I dislike girls who lisp, girls who are kittenish, girls who drink too much. Valerie did all of those things. Why did I marry her, then? Partly I’d got into the habit of seeing her – but what made me start the habit? Partly no doubt I was the victim of that feeling war and bombing gave you, that no relationship you formed mattered much, or was likely to be permanent – and how damned mistaken that feeling was. Partly she was good in bed, and although I was over thirty when I met her I hadn’t much experience of that sort of thing. Although Val was nearly ten years younger than I was, I gathered she’d had plenty. But although I enjoyed our times in bed, I wasn’t all that interested. That certainly won’t do for a main motive.

And why did Valerie marry me? If I can’t explain my own motives, I certainly can’t understand hers. I think she found me attractive – although few women have done so. I believe she liked men older than herself. And – although I may be quite wrong – I believe she regarded me as a very different person from the man I am. Subconsciously I assumed that we should stop drinking and going to parties after we got married. But Val assumed that we should go on drinking, and go to more parties than ever.

So we started off wrong. And then there was trouble about this house. Val was essentially what I think of as an Earl’s Court girl – nice gay parties with people in the rag trade as she called it, a few commercial artists, some fifth-rate actors. Well, you can get all that in our bit of Pimlico if you want it, but in rather too sordid a way for Val. She liked a bit of glamour spread over it – not too much, just a thin layer. She was horrified when she first saw the house and even more so when I told her I liked it. “But how
can
you like it? It’s so vulgar. That woman Flossie Williams – she’s just a tawt.” And what are your friends, do you think? I asked her. And what are you? Didn’t you sleep with me the first time you met me? The only difference was that she got marriage instead of a spot cash settlement. At that she burst into tears, and it’s true I was unfair, because Val was a one-man woman. I say I think she found me attractive, but I’m doing myself an injustice. The fact is that she never looked at anybody else at all. She told Elaine Fletchley so, and Elaine told me. And how can one explain that? That’s as nonsensical as the rest of it.

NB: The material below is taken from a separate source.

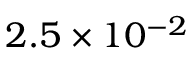Convert formula to latex. <formula><loc_0><loc_0><loc_500><loc_500>2 . 5 \times 1 0 ^ { - 2 }</formula> 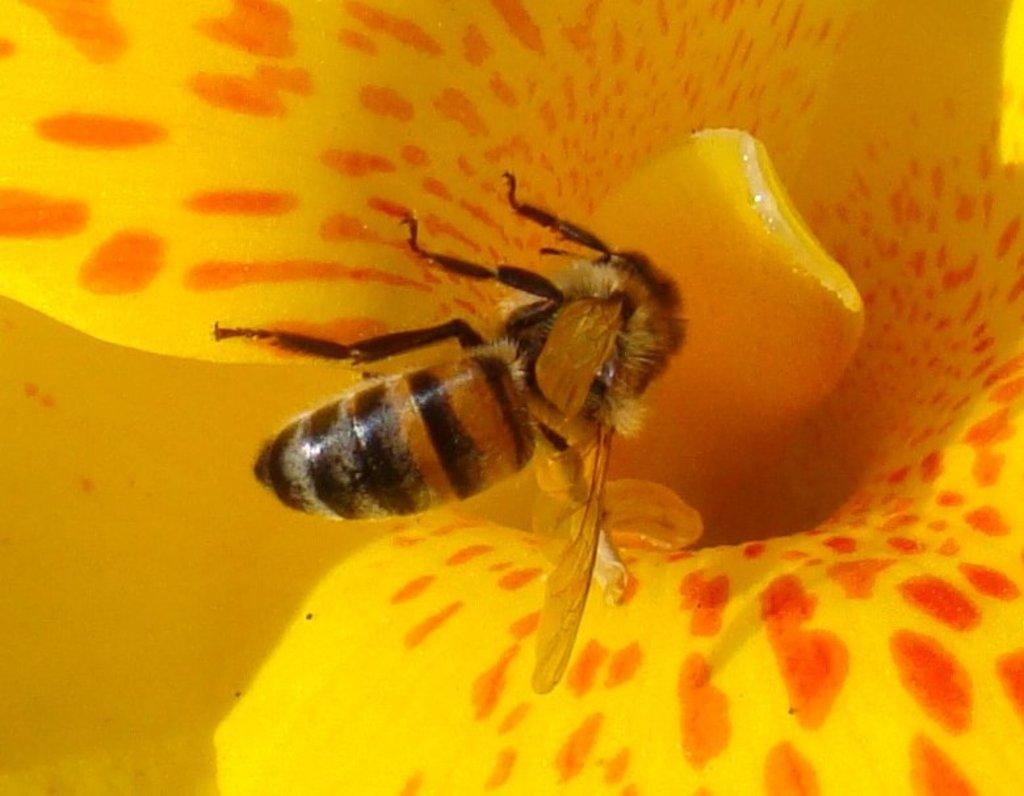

So Val burst into tears. She was always bursting into tears; it was one of the most irritating things about her. Then she asked me again why I liked living here, but I couldn’t answer that, because I didn’t know. There was just something about the streets and the people and the atmosphere, that’s all.

But if Valerie couldn’t get her own way about the house, at least she made it look the way she wanted. It’s all round me now, as it’s been round me for years – the glaring colours, the fumed oak paradise in the bedroom. “It’s so bright and gay and new,” she’d say – but with the lisp, of course. “I hate old stuff. I’d like life to start again every morning. New people, new job, new places, new everything. Wouldn’t you like that?” And when I said truthfully that I’d like nothing less, she’d be upset. And she not only had her way about the look of the place; she got Elaine to live in it as well. First she said the house was too big for just the two of us. Maybe there’ll be three one day, I said, but she didn’t want children. Then she wanted Elaine to come and live here with us. I didn’t want it; I wanted to be alone. But she had it her way. We turned the place into two self-contained flats and we had the ground floor and the Fletchleys had the first. We shared the cellar, where we both kept a small stock of drink. Elaine is a neat, tarty little piece, slick and smart and hard. What did she see in Fletchley to marry him? That’s another problem, but I can’t go into it now.